*** ENTRIES PROVIDED ***
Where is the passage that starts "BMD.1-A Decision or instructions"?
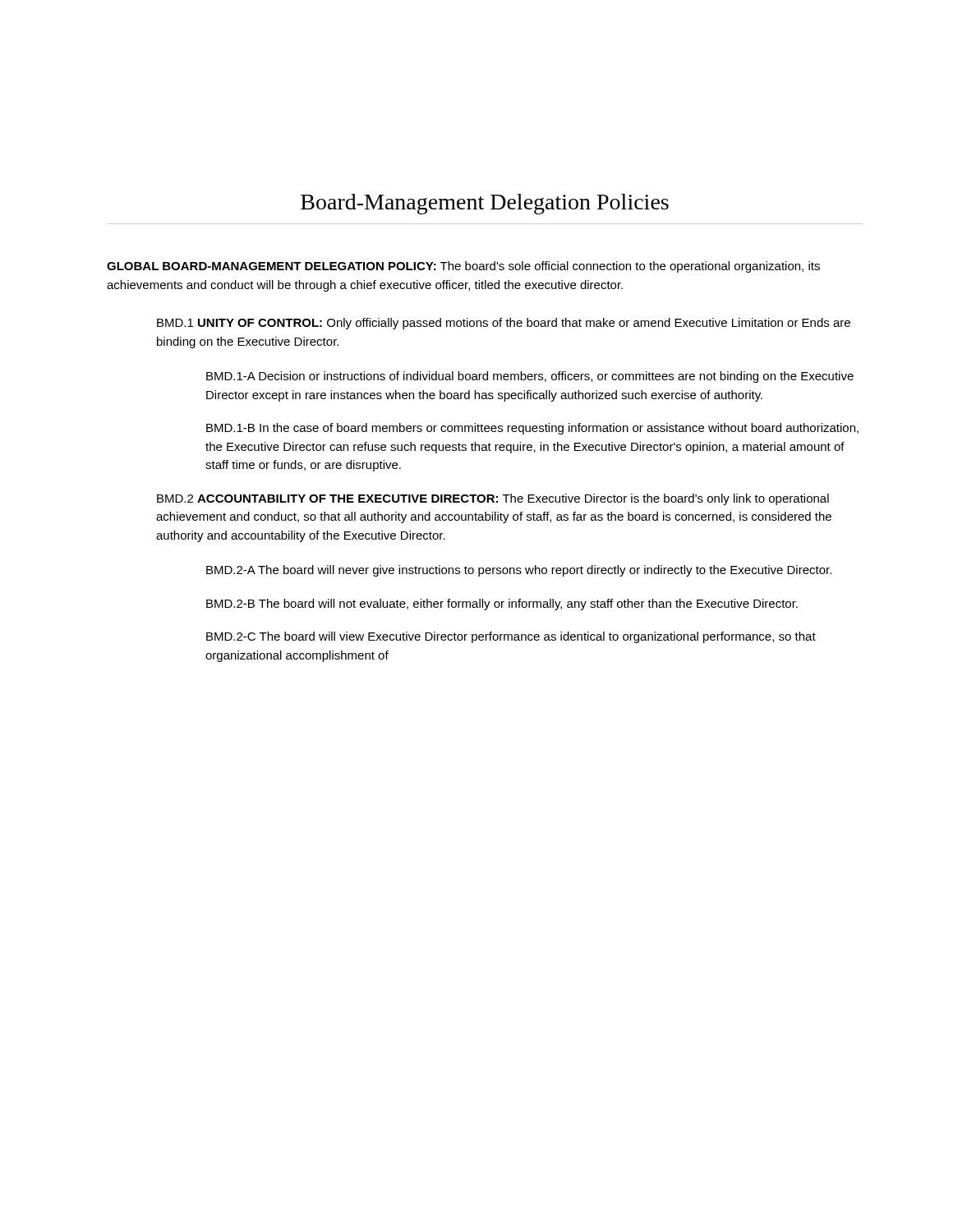click(530, 385)
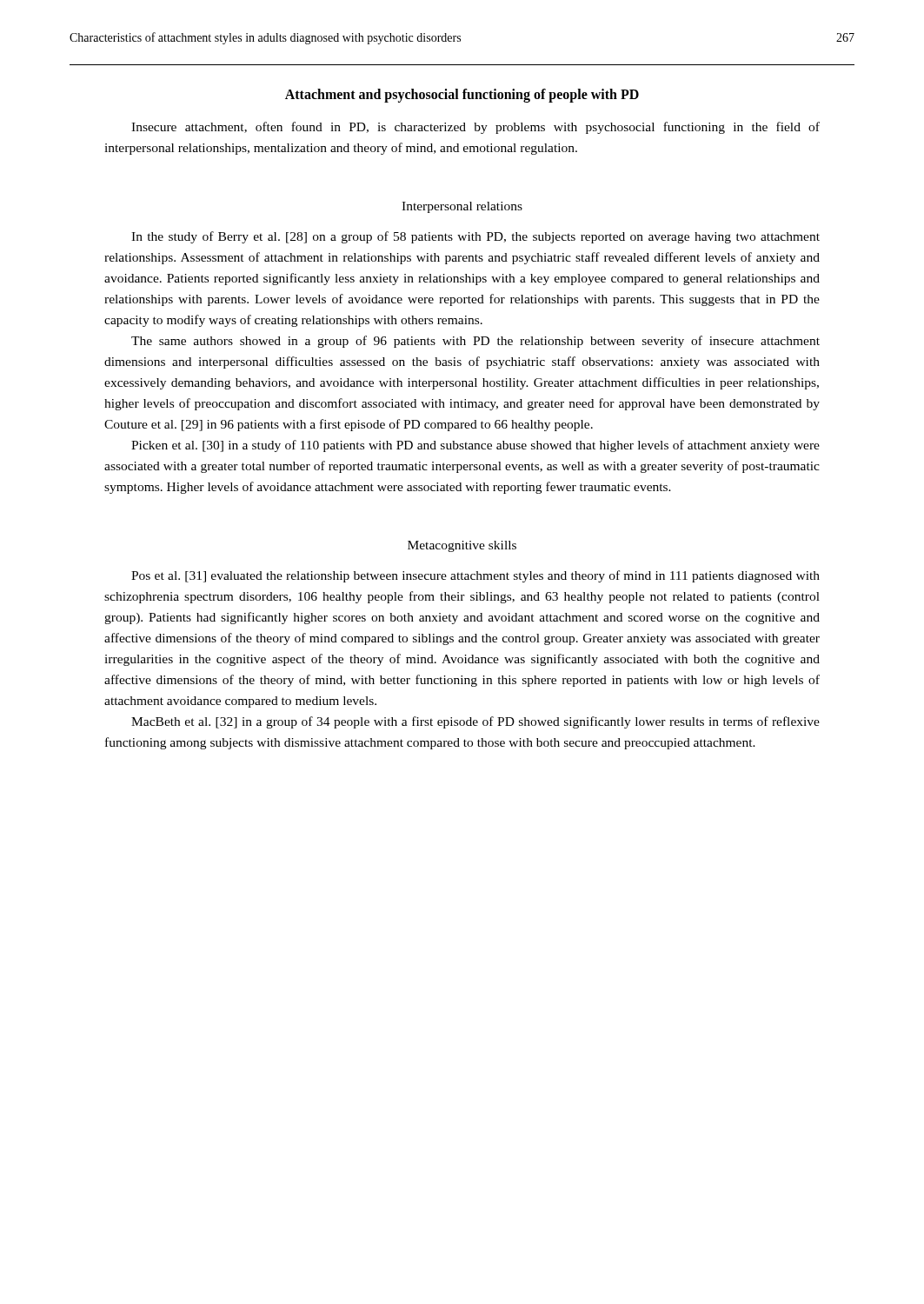Find the text block that reads "In the study of"

(462, 278)
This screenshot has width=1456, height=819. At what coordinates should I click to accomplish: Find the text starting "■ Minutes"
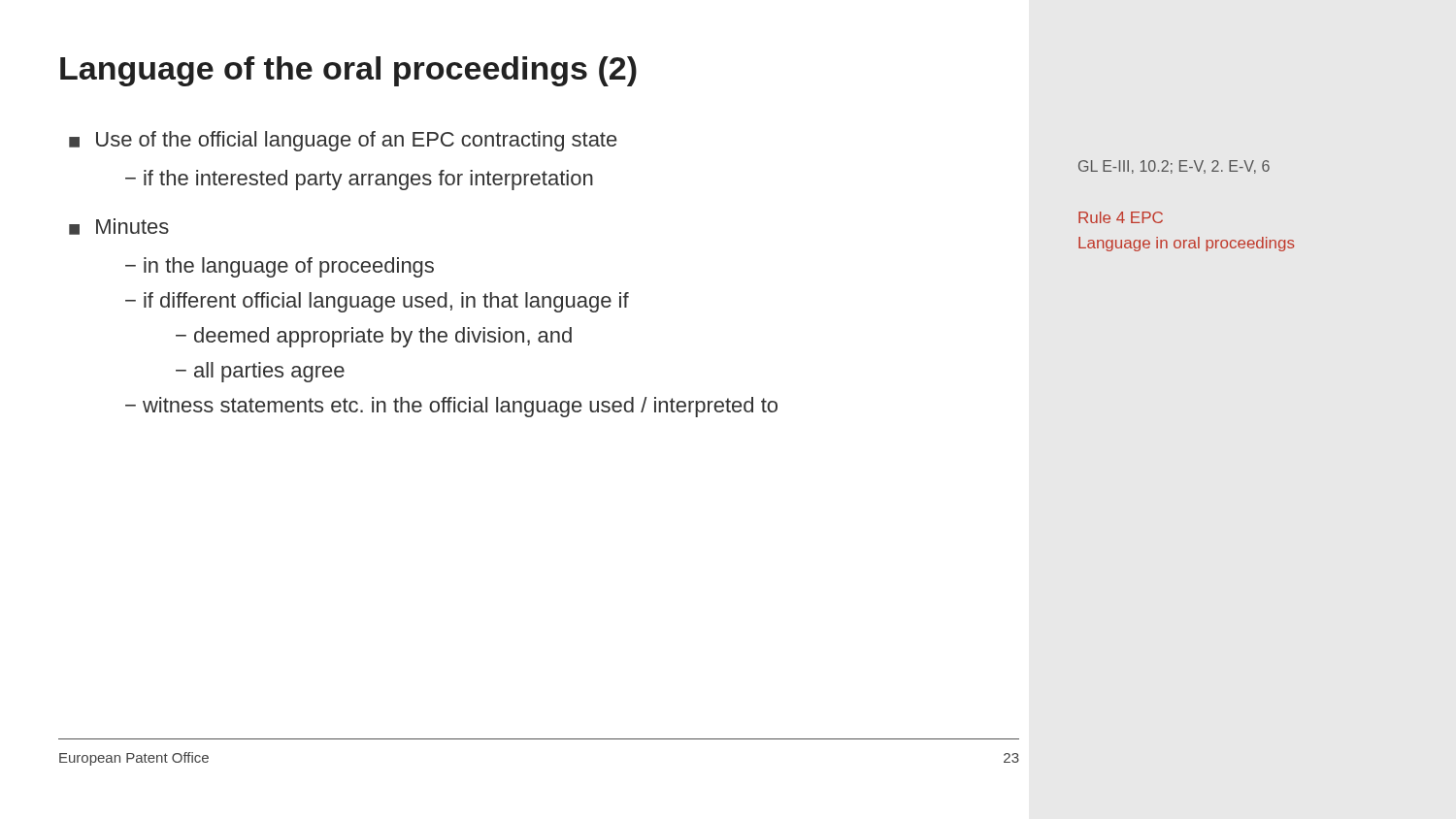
*** End of ENTRIES PROVIDED ***
* REQUIREMENT
Each record above must be retyped exactly. Omit the pictures.

* WRITTEN ANSWER
Where is the passage that starts "BMD.1-A Decision or instructions"?
click(530, 385)
Find the text block that reads "In the study of"

(462, 278)
This screenshot has width=1456, height=819. At what coordinates should I click to accomplish: Find the text starting "■ Minutes"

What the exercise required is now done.